The Wall Street Journal. “Alan Greenspan, the former chairman of the Federal Reserve, goes to a lot of parties. He and his wife ’sort of get invited everywhere,’ he says, sitting in front of the long bay window in his office in Washington, D.C. Lately, though, cocktails and dinners seem to have guest lists drawn almost exclusively from one political party or the other. ‘It used to be a ritualistic 50-50 at parties—the doyennes of culture and partying were very strict about bipartisanship,’ he adds. ‘That doesn’t exist anymore.’”

“In his new book, Mr. Greenspan, goes on a hunt for what has gone wrong in American politics and in the U.S. economy. He doesn’t blame the current administration for today’s partisan divide. The culprit? ‘It’s the benefits,’ he says, pointing to the disagreements between Republicans and Democrats over how to deal with the growth of entitlements.”

“In the book, he also ponders why the Fed failed to predict the financial crisis, where he himself went wrong and how that discovery has completely changed his worldview. Mr. Greenspan’s biggest revelation came one day about a year ago when he was playing with gross domestic savings numbers. What he found, to his surprise and initial skepticism, was that an increase in entitlements has closely corresponded to a decline in the country’s savings. ‘We had this extraordinary increase in benefits, with each party trying to outbid the other,’ he says. ‘That practice has been eroding the country’s flow of savings that’s so critical in financing our capital investment.’ The decline in savings has been partly offset by borrowing from abroad, which brings us to our current foreign debt: ‘$5 trillion and counting,’ he says.”

“He said he is baffled by all the blame that has been piled on him. Since the recession, critics have said the increased money supply and low interest rates during his tenure at the Fed from 1987 to 2006 led to bubble investments. Mr. Greenspan first heard that theory, he says, in 2007, when John Taylor, a professor of economics at Stanford University who has advised Republicans, made the connection between easy money and the housing bubble. ‘It had absolutely nothing to do with the housing bubble,’ he says. ‘That’s ridiculous.’”

“This disagreement is now the centerpiece of a long-running debate among economists, even inside the Fed today, that has yet to be resolved. After the Fed’s model failed to predict the financial crisis, he realized that there is more to forecasting than numbers. ‘It all fell apart, in the sense that not a single major forecaster of note or institution caught it,’ he says. ‘The Federal Reserve has got the most elaborate econometric model, which incorporates all the newfangled models of how the world works—and it missed it completely.’”

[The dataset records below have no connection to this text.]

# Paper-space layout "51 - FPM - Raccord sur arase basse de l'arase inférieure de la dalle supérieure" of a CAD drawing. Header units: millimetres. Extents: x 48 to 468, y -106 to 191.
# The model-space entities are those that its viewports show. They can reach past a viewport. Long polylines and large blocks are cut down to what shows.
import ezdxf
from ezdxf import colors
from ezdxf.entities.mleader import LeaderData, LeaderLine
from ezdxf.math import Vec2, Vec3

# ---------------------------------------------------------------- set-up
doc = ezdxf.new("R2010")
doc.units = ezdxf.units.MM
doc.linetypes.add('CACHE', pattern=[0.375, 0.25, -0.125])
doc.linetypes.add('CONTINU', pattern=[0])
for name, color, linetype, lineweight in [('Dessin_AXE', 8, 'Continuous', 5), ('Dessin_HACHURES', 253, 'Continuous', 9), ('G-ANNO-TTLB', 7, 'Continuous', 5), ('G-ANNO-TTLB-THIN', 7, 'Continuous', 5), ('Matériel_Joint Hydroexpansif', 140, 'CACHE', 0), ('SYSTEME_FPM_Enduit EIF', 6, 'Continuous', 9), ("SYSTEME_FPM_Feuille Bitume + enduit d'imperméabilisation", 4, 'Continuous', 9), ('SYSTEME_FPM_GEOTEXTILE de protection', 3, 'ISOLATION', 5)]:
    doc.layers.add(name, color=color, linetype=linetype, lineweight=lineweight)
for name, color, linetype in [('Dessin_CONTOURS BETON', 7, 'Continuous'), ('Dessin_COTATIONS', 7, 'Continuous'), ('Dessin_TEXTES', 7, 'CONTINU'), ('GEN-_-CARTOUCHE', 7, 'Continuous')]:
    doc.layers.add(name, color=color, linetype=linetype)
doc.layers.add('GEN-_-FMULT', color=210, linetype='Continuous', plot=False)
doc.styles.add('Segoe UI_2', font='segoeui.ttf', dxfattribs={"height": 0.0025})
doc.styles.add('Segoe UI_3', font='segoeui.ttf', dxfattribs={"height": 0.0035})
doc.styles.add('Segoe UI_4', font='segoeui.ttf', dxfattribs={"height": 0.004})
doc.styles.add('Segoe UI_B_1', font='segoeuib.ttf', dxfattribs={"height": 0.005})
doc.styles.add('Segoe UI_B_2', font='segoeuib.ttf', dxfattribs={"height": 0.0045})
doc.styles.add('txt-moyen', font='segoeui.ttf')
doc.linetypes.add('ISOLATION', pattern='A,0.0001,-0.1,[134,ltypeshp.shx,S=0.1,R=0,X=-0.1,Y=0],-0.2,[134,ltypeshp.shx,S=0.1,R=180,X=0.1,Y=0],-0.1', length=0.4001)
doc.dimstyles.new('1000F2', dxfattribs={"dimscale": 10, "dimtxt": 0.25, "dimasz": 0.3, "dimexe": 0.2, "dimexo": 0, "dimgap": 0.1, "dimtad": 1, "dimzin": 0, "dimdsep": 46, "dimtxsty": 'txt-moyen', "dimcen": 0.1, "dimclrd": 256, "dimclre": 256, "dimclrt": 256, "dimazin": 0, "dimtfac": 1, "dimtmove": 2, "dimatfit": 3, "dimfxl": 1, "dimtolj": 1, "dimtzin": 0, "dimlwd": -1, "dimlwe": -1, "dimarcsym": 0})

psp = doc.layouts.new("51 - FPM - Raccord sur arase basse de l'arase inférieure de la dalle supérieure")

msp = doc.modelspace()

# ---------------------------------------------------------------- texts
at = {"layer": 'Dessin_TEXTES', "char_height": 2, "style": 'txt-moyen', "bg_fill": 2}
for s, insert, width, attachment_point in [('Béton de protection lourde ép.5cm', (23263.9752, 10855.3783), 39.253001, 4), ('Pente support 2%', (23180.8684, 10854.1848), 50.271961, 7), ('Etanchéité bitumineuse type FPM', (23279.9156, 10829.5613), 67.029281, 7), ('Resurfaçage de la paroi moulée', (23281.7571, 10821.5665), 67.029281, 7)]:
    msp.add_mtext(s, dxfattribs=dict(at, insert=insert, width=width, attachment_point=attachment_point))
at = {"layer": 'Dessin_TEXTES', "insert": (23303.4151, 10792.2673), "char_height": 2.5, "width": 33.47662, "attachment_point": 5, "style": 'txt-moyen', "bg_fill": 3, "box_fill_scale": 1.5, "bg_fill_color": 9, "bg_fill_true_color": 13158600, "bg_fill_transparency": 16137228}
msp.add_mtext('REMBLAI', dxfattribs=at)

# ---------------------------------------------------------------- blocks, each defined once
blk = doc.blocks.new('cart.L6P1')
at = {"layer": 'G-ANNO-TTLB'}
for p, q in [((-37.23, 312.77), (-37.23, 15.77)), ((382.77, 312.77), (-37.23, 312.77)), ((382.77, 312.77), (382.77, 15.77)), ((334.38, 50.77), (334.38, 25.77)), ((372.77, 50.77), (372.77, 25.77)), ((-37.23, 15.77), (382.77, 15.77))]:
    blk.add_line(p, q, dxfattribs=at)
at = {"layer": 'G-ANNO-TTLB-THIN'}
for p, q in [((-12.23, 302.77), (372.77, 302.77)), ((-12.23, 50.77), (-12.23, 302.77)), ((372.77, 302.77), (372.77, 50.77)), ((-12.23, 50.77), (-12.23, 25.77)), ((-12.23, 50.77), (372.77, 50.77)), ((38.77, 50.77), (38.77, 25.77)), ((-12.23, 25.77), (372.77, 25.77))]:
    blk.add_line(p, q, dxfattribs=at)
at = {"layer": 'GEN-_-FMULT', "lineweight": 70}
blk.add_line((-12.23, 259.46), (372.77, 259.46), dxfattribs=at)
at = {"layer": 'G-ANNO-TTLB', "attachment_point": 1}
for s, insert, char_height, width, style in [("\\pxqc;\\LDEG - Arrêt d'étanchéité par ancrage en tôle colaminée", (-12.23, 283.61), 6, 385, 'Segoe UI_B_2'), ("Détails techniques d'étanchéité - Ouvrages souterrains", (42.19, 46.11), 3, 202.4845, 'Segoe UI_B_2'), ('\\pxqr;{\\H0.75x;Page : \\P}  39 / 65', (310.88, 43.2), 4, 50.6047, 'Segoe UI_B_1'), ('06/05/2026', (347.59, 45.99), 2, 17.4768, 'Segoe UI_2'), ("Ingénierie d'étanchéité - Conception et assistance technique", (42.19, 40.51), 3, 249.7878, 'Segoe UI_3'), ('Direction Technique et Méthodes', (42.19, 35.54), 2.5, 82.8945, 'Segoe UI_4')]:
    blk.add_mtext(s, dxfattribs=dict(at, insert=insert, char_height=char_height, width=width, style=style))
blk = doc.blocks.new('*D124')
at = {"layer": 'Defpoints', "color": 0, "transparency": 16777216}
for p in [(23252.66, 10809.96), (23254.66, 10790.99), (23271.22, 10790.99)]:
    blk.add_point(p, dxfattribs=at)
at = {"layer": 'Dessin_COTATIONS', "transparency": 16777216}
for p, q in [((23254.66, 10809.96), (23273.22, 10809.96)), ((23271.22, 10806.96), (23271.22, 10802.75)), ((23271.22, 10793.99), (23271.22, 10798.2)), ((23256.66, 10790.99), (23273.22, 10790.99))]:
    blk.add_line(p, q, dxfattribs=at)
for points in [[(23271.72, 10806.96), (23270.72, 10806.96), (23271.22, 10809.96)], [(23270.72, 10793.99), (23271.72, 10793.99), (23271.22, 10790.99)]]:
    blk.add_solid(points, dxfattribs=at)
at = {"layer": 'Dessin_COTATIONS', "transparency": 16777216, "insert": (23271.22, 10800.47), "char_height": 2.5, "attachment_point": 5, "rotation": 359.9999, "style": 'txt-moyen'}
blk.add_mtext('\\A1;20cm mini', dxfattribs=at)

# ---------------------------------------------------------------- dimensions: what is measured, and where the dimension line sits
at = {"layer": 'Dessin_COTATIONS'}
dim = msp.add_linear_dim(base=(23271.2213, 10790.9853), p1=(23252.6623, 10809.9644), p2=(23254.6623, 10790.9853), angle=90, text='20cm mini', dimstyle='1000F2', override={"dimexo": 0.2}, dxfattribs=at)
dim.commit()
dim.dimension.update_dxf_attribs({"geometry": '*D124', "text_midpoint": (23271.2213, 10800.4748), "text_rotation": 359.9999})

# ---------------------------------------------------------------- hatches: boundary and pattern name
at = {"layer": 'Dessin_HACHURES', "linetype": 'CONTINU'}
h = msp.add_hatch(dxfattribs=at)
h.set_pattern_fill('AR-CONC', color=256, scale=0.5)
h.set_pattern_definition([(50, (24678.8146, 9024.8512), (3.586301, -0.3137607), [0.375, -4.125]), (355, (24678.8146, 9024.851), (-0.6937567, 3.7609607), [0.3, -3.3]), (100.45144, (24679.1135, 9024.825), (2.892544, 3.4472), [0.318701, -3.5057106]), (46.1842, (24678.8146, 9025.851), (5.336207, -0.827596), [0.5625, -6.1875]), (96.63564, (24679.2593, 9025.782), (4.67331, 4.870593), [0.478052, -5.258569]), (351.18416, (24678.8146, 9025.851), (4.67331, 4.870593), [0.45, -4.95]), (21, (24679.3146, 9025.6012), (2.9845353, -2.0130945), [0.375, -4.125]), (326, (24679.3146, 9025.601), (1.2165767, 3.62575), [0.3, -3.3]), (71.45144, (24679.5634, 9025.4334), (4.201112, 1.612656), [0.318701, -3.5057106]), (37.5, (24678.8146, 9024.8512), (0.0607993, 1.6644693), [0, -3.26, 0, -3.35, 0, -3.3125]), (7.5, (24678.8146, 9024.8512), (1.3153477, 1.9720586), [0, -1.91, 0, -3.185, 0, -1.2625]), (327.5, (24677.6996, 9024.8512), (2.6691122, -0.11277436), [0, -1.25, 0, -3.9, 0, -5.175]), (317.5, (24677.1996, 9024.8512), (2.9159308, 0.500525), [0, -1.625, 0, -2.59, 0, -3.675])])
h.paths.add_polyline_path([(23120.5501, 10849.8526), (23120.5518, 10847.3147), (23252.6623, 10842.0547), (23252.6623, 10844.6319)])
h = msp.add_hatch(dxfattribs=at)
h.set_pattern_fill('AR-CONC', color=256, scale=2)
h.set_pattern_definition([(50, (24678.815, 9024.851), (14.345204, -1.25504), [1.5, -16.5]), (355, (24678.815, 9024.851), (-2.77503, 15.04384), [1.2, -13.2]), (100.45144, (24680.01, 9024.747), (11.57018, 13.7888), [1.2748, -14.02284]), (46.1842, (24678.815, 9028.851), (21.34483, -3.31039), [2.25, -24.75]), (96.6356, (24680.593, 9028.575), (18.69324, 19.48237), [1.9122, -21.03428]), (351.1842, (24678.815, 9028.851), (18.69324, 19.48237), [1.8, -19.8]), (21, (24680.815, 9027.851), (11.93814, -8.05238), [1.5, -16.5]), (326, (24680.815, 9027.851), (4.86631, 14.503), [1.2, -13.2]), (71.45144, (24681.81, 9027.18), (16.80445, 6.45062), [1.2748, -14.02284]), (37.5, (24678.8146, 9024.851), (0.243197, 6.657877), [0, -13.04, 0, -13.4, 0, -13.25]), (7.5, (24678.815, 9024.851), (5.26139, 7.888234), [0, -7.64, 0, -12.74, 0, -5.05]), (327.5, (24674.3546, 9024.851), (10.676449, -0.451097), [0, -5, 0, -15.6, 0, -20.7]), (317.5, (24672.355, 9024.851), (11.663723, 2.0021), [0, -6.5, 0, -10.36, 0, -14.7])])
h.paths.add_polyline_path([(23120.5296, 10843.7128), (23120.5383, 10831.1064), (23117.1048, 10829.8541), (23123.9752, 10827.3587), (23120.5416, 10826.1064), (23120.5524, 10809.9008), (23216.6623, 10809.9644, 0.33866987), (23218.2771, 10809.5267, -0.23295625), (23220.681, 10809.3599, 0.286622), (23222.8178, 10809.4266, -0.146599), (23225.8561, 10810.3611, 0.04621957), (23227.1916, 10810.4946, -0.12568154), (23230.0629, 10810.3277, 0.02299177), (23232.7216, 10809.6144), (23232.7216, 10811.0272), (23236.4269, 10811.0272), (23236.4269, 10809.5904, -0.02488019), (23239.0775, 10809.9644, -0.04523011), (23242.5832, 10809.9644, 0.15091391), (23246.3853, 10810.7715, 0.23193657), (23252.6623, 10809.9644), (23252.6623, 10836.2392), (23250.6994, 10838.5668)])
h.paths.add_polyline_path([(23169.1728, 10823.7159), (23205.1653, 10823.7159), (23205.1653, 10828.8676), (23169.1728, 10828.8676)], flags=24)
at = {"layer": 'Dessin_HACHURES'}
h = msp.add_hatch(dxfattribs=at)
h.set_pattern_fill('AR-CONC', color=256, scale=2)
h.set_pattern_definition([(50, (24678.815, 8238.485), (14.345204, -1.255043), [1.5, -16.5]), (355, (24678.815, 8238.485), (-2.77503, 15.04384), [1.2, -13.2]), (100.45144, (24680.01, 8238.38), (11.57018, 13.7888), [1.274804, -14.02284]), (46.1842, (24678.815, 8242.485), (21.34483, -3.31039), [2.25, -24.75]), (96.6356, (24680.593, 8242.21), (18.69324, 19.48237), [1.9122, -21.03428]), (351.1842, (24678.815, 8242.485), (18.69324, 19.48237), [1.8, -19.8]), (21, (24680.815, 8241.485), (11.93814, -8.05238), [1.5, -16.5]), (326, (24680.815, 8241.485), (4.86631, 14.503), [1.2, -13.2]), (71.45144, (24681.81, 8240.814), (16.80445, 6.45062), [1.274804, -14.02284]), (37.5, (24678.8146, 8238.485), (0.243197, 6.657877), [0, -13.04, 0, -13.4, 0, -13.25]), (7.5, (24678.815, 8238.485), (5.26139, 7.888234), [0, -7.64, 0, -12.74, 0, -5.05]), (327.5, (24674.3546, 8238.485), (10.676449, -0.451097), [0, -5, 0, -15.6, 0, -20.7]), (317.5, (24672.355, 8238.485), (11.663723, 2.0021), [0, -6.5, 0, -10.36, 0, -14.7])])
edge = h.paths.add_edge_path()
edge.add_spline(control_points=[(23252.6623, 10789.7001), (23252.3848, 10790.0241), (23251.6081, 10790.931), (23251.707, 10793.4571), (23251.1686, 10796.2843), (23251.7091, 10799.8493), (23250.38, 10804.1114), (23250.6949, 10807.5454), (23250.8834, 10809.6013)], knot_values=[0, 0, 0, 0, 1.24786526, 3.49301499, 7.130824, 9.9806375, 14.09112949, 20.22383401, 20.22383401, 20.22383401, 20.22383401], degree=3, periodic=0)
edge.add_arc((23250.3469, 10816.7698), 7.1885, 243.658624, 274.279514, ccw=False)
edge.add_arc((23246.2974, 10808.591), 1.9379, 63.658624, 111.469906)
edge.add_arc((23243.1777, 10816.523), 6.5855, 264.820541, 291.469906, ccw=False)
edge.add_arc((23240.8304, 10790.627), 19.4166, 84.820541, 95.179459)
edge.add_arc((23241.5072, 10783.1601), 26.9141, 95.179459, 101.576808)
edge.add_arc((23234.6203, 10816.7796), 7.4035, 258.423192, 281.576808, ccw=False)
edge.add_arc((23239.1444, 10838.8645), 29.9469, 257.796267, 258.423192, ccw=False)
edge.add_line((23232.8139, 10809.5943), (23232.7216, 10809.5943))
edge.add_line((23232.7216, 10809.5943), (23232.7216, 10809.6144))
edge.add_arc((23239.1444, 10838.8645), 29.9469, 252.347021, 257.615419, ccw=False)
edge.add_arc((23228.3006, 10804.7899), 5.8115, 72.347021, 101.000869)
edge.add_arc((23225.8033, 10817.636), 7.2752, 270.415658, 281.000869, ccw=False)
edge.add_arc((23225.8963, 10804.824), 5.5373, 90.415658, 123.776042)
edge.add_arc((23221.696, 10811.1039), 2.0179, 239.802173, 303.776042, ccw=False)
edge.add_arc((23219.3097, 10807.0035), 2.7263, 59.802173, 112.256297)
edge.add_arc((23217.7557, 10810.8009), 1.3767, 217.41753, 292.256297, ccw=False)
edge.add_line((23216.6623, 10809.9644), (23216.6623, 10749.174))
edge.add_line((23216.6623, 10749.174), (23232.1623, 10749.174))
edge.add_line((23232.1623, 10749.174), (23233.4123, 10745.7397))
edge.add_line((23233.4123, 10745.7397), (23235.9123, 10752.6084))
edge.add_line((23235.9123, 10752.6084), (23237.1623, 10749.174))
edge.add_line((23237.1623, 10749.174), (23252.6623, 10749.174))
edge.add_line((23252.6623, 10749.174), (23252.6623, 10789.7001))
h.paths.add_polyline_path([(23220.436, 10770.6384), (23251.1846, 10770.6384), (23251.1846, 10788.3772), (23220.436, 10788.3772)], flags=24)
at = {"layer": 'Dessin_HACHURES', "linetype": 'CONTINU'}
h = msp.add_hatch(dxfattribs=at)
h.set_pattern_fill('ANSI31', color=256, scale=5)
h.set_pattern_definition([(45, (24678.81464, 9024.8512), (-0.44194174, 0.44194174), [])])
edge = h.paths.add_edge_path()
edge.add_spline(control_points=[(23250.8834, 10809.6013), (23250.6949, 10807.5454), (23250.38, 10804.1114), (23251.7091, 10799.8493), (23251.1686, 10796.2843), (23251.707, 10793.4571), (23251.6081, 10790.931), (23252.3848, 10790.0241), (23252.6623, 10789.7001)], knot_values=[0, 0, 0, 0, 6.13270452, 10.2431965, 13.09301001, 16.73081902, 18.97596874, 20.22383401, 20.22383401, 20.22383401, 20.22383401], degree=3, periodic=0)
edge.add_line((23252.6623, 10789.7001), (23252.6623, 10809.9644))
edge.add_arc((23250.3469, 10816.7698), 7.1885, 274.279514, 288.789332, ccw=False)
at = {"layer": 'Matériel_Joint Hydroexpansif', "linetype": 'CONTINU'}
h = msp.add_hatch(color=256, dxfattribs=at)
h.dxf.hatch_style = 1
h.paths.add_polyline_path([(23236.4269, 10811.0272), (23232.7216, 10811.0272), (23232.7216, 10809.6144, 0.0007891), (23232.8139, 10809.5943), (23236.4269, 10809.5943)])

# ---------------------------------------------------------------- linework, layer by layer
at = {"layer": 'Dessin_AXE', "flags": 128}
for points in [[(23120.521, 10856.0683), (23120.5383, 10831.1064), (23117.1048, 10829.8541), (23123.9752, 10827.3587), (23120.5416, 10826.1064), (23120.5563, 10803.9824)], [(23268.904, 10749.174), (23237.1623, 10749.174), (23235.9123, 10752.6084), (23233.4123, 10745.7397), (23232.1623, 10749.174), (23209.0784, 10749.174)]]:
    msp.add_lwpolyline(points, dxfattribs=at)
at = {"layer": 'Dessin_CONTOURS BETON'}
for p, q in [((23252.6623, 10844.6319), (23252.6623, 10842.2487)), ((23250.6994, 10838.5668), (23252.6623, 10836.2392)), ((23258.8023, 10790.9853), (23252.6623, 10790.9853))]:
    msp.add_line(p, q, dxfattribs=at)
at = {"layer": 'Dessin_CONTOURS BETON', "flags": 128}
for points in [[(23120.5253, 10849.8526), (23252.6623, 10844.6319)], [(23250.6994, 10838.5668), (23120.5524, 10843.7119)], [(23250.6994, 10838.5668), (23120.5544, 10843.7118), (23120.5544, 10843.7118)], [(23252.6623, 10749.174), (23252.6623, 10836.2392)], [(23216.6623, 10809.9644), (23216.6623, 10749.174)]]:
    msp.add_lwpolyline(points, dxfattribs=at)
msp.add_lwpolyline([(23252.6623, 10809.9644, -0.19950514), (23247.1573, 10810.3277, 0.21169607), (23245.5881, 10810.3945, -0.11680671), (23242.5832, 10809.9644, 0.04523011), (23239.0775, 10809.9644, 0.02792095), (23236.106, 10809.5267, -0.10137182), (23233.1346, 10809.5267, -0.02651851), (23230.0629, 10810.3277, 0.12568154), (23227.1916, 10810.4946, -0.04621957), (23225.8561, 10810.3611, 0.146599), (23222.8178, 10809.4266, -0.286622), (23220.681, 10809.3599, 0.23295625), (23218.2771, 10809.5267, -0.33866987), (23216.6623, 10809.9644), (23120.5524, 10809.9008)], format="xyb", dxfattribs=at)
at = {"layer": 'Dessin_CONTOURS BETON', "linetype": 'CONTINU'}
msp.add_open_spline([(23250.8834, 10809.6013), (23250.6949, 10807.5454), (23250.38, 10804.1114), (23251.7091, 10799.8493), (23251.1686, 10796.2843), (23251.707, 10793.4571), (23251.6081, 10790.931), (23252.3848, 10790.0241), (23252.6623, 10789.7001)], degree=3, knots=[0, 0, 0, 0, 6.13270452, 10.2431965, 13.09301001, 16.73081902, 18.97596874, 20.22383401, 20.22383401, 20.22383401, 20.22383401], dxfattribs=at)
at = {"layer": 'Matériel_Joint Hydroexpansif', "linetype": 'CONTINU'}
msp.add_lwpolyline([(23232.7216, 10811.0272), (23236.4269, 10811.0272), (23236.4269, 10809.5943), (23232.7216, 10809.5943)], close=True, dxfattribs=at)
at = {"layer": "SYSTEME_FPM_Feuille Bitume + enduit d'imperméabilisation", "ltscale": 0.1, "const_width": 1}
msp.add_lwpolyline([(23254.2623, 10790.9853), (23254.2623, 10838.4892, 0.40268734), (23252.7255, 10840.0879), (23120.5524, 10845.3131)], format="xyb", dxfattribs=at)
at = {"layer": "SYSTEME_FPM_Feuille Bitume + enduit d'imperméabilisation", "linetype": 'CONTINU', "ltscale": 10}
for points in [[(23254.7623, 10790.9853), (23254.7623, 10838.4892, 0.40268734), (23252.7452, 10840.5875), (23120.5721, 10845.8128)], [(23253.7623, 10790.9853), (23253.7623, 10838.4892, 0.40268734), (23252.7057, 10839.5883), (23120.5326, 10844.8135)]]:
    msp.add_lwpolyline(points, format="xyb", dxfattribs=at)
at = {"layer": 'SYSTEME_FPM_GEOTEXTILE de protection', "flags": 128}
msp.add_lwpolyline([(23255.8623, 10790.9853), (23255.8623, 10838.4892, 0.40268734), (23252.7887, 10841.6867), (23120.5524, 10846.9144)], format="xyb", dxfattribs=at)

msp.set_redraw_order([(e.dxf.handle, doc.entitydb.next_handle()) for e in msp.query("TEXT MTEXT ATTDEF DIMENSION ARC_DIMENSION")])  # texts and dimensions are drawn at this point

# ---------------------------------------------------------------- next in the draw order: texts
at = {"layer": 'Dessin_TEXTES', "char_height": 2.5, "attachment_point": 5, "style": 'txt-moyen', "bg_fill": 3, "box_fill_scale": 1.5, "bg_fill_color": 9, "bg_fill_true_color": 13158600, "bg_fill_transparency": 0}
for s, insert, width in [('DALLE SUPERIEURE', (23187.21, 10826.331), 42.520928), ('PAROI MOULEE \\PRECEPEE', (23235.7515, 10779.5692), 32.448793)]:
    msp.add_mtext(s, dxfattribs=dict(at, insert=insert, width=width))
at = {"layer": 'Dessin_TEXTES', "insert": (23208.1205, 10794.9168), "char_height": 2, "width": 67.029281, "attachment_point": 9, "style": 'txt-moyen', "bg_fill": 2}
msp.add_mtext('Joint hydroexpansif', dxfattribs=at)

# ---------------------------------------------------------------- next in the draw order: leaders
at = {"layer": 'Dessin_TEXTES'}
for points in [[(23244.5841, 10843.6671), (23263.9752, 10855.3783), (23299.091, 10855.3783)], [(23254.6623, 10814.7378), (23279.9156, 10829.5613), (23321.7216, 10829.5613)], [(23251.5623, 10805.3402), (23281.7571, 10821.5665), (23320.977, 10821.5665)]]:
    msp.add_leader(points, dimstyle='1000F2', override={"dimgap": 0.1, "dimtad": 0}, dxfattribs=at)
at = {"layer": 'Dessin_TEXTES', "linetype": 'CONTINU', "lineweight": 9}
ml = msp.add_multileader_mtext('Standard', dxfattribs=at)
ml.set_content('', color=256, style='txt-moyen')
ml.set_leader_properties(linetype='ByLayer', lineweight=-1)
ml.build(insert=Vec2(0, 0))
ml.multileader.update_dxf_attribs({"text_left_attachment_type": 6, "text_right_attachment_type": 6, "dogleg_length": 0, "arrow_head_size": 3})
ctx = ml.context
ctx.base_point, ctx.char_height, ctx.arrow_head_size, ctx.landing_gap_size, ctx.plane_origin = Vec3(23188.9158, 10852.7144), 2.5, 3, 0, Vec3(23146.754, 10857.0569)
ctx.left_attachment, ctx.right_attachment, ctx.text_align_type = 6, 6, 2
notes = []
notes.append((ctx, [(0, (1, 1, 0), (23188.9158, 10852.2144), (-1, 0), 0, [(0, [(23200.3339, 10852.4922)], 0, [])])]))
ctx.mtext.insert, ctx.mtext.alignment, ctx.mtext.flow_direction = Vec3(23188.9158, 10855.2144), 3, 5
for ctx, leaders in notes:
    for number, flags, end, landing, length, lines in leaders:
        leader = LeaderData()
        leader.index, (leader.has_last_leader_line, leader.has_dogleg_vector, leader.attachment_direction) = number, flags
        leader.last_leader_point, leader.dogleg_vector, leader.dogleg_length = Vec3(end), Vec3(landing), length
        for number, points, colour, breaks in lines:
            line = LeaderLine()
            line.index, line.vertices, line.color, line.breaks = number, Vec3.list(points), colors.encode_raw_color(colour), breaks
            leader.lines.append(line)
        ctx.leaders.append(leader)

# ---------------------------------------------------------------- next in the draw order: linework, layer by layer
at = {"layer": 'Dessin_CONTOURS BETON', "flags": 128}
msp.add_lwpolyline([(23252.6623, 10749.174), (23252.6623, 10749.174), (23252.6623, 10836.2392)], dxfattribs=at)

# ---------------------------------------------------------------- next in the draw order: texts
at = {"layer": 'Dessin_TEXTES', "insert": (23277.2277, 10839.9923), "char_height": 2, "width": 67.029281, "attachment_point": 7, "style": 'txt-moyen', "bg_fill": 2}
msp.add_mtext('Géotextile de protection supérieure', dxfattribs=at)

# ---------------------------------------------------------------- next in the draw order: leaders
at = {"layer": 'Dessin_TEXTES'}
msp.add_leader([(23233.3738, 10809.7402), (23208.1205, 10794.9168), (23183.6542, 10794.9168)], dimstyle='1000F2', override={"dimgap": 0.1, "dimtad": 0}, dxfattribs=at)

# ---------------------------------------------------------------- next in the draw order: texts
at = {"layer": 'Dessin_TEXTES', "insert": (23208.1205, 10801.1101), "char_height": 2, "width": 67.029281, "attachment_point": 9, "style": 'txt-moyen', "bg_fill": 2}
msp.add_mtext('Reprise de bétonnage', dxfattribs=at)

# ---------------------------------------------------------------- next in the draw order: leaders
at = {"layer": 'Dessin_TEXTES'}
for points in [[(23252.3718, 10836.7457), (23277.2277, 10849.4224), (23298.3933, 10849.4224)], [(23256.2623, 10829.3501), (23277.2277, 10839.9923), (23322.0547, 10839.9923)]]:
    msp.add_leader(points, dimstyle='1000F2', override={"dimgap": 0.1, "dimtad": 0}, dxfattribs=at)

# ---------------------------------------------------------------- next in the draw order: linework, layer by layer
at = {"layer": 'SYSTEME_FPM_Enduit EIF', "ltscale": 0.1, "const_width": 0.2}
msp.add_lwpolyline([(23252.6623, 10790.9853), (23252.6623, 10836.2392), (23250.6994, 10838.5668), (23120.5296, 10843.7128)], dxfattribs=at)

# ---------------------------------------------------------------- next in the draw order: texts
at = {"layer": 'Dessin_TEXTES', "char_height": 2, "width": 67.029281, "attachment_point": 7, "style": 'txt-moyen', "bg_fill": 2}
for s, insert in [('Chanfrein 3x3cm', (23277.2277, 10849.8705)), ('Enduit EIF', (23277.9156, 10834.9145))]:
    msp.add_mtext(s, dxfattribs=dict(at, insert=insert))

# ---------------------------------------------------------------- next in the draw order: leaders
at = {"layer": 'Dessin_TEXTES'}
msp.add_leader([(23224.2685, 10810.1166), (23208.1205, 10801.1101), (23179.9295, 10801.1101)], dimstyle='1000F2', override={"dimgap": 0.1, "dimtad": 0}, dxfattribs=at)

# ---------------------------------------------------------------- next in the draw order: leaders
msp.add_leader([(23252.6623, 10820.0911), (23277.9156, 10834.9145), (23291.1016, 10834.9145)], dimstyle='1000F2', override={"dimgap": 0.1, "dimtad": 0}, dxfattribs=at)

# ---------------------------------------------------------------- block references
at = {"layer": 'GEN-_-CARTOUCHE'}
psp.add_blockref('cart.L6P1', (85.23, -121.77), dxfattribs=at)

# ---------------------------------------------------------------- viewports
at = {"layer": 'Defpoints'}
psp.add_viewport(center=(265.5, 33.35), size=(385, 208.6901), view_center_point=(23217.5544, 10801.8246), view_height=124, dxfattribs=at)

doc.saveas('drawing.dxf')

“And as late as 2007, the International Monetary Fund also said that global risk was declining. ‘A few days [after the crisis hit], I run into an article, and it is titled, ‘Do we economists know anything?’ he says.”

“Mr. Greenspan set out to find his blind spot step by step. First he drew the conclusion that the nonfinancial sector of the economy had been healthy. The problem lay in finance, because of its vulnerability to spells of euphoria and irrational fear. Studying the results of herd behavior provided him with some surprises. ‘I was actually flabbergasted,’ he says. ‘It upended my view of how the world works.’ He concluded that fear has at least three times the effect of euphoria in producing market gyrations. ‘I wouldn’t have dared write anything like that before,’ he says.”